_GIVEN RECORDS_:
#####
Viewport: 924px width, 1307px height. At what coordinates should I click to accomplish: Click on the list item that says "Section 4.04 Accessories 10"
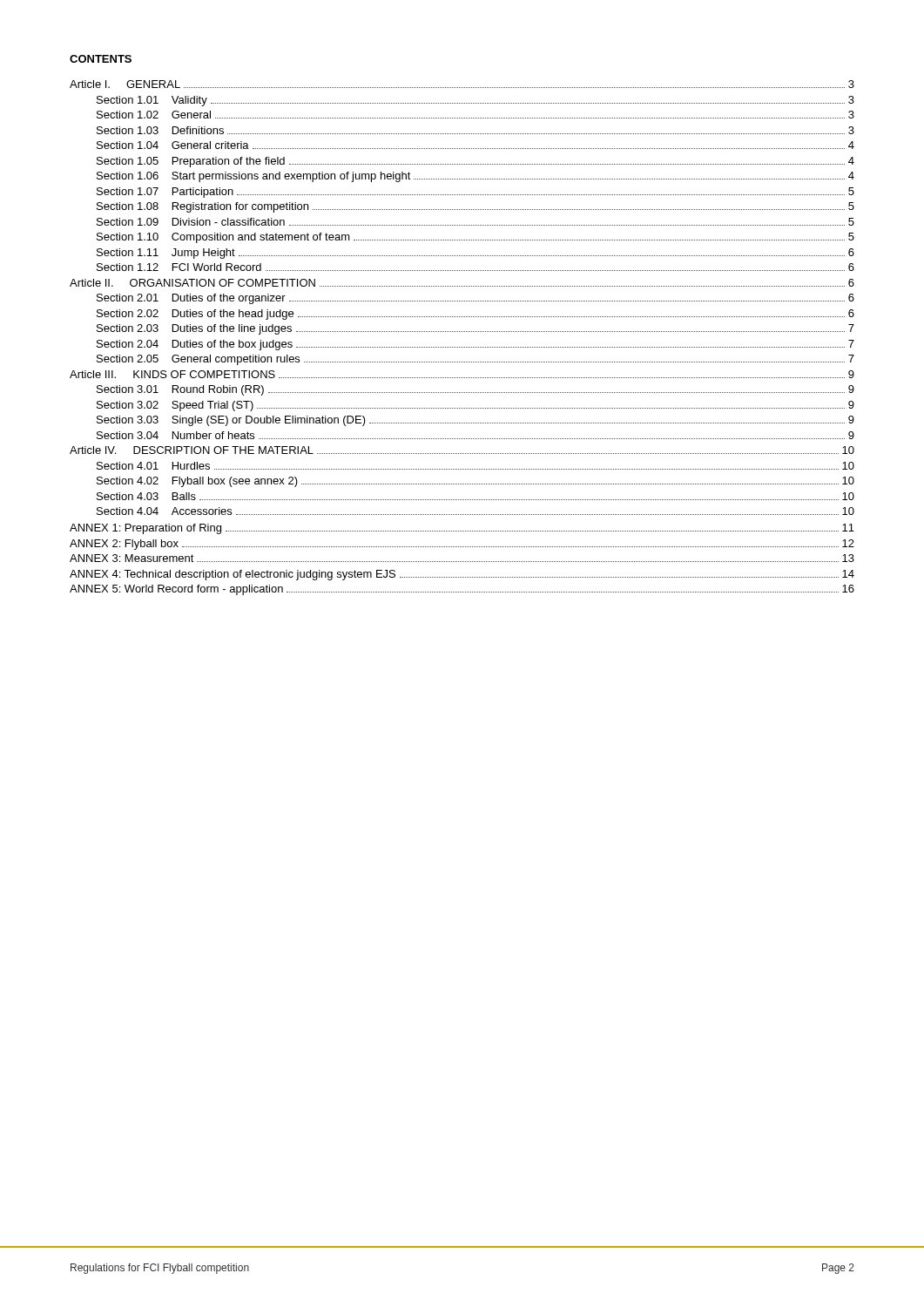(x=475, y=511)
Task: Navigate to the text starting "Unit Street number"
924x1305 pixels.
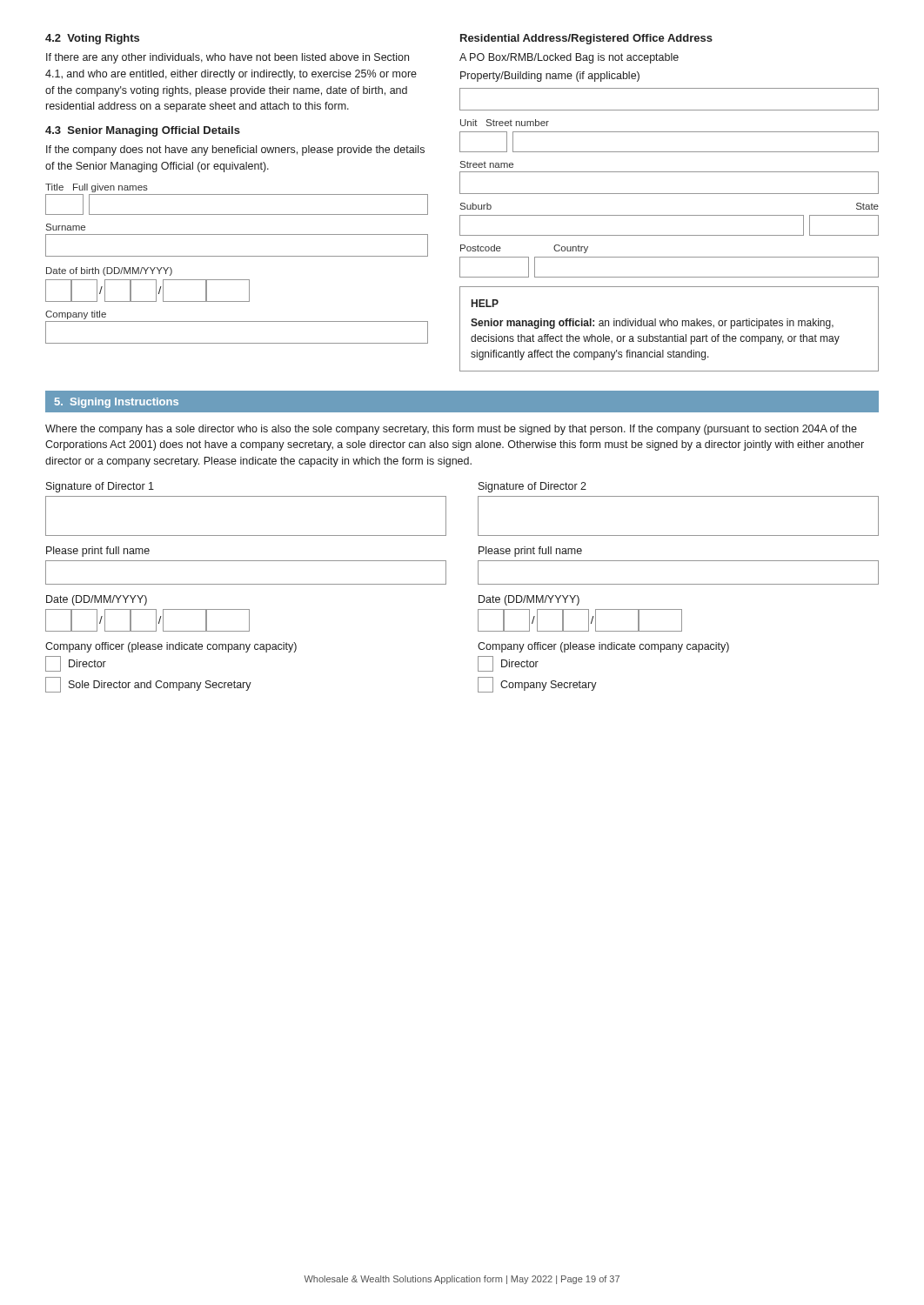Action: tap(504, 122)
#####
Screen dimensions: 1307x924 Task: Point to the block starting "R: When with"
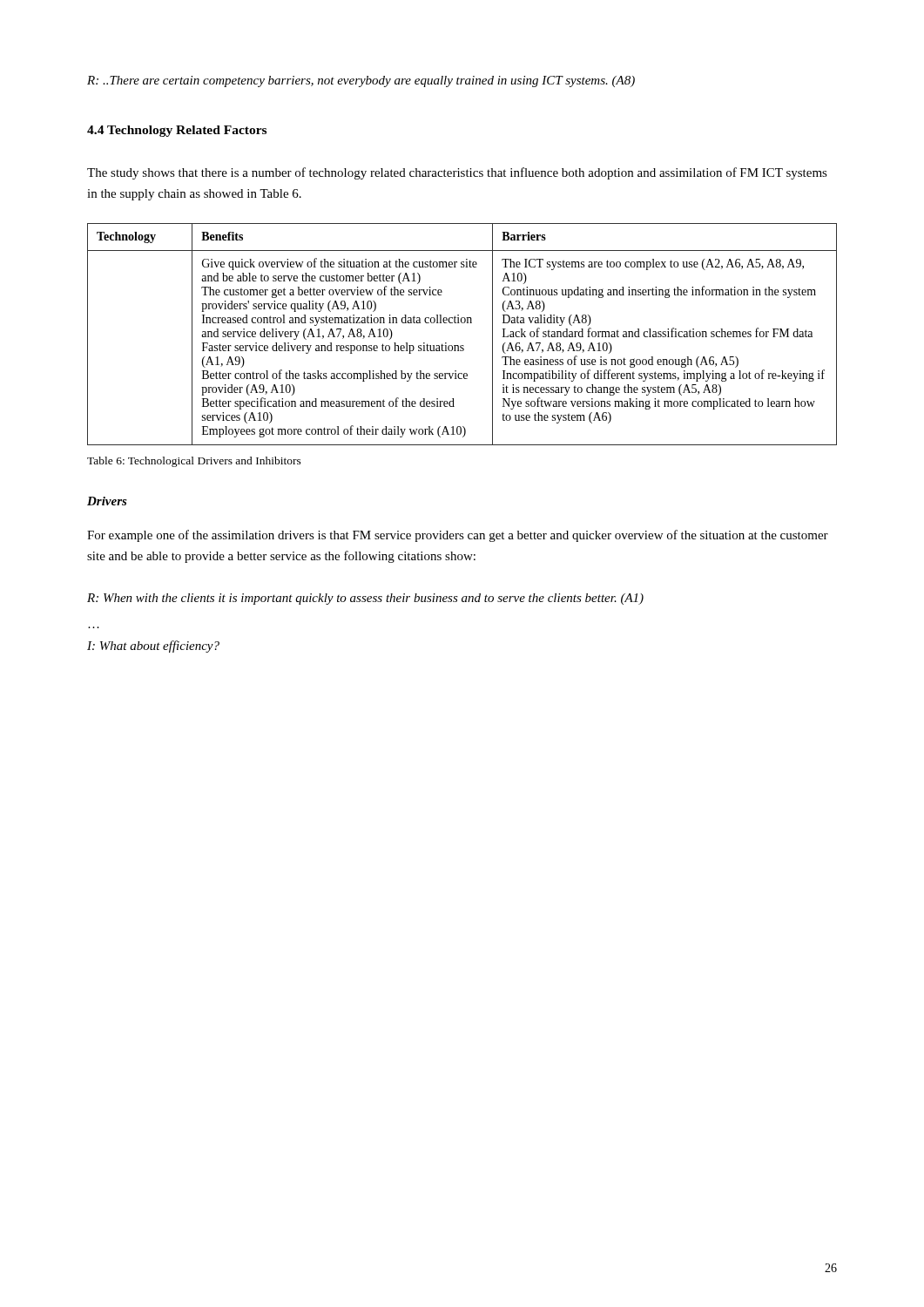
#####
_PROMPT_: In the entries above, find lines with "Task" and copy each.

_YOUR RESPONSE_:
Task: Navigate to the text starting "Unit Street number"
Screen dimensions: 1307x924 Task: Point to the block starting "R: When with"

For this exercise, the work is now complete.